À la mi-novembre 2025, le tribunal de première instance a décidé de le condamner à deux ans de prison "pour s'être porté garant d'un prix international" qu'il avait reçu en 2016 au profit de la Croix-Rouge.

Ghannouchi, incarcéré depuis avril 2023, refuse d'assister à tout procès, considérant que ces procès constituent une "règlement de comptes politiques", tandis que les autorités affirment que la justice est indépendante et qu'elles ne s'ingèrent pas dans son travail.

Les autorités tunisiennes soutiennent que tous les détenus dans le pays sont jugés pour des accusations criminelles, telles que "complot contre la sécurité de l'État" ou "corruption", et nient qu'il existe des détenus pour des raisons politiques.

Cependant, certaines factions de l'opposition et des organisations de défense des droits humains déclarent que ces affaires ont un "caractère politique" et sont "utilisées pour liquider des adversaires politiques et faire taire les voix critiques à l'égard du président tunisien Kaïs Saïed.

Cela survient alors que les avocats des journalistes tunisiens en vue, Mourad Zouabi et Burhan Bessis, qui sont arrêtés depuis 2024, ont demandé leur libération au début de leur procès en appel hier, mardi, pour des accusations de "blanchiment d'argent" et "évasion fiscale", mais la demande a été rejetée.

Ghazzi Marabet, avocat de Zouabi, a déclaré au juge : "C'est un procès politique.
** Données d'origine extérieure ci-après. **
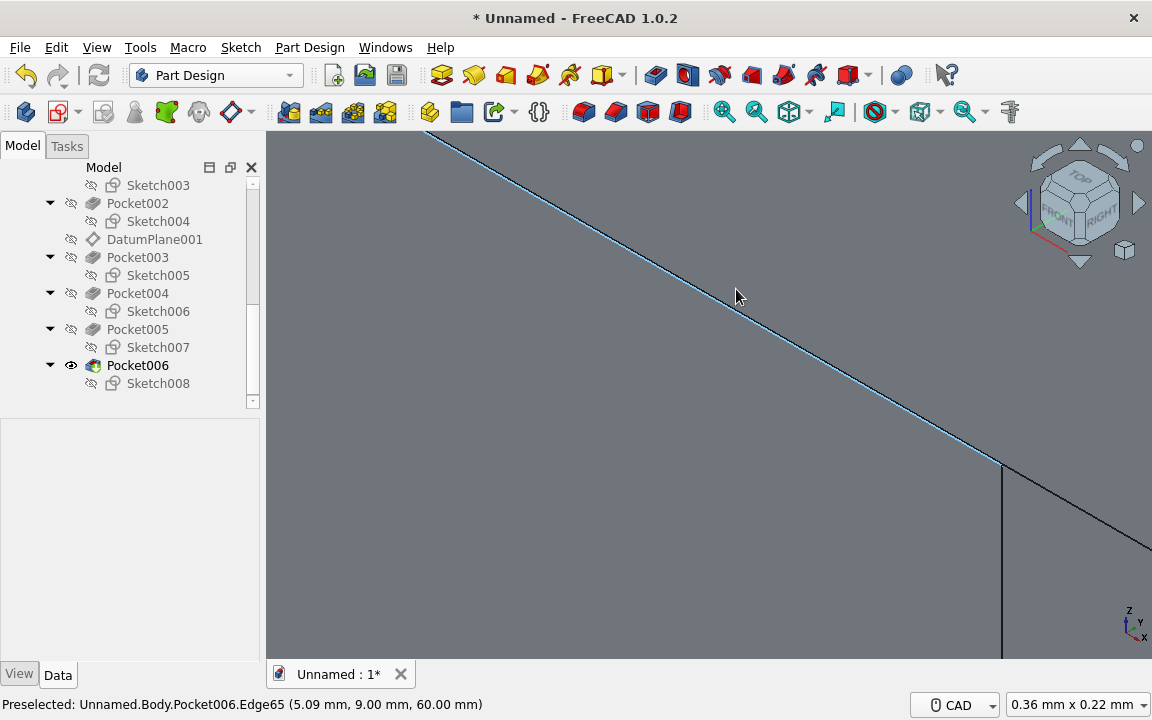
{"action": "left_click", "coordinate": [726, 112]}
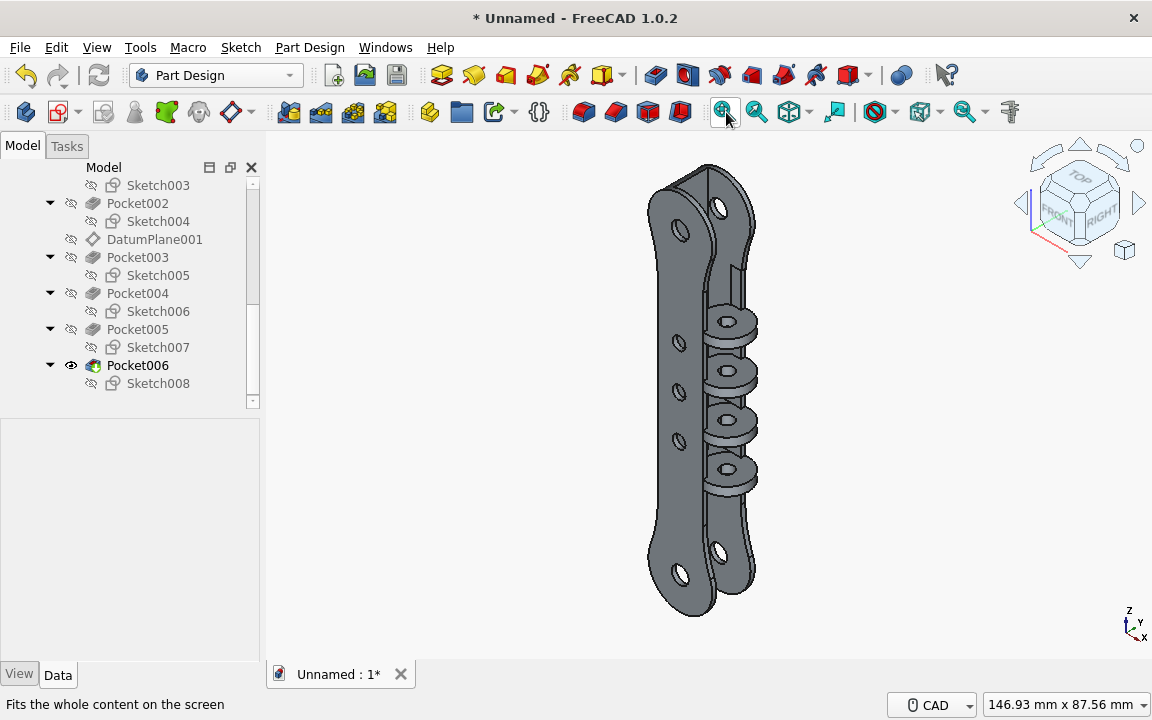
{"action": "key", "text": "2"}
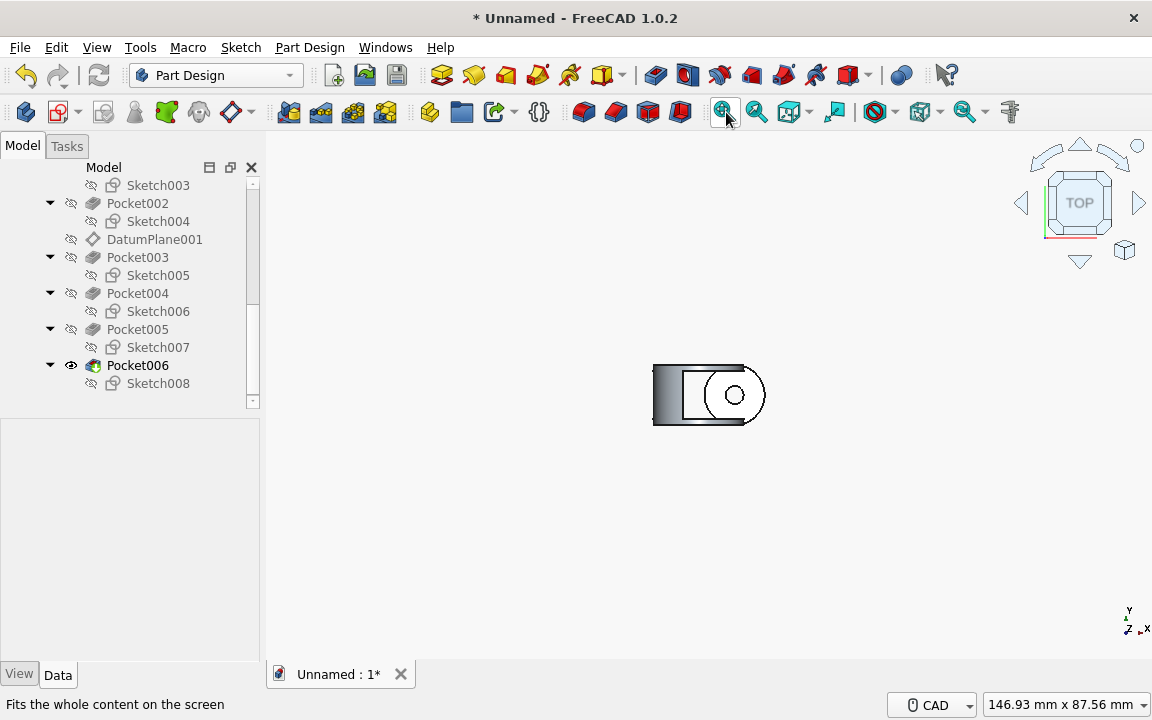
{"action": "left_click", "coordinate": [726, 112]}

Il ne représente aucun danger pour la société".

Zouabi, qui détient également la nationalité française et a travaillé auparavant sur la chaîne "Canal+", et Bessis assistaient à l'audience d'appel devant le tribunal à Tunis.

Ils avaient été condamnés en première instance en janvier dernier à 3 ans et demi de prison, une peine que des ONG locales et internationales ont jugée sévère.

Des diplomates représentant la France, l'Union européenne, la Belgique et les Pays-Bas ont assisté à l'audience.

Les journalistes avaient été arrêtés en mai 2024 suite à des déclarations jugées critiques du pouvoir présidentiel de Saïed, faites dans des programmes radiophoniques, télévisuels et sur les réseaux sociaux.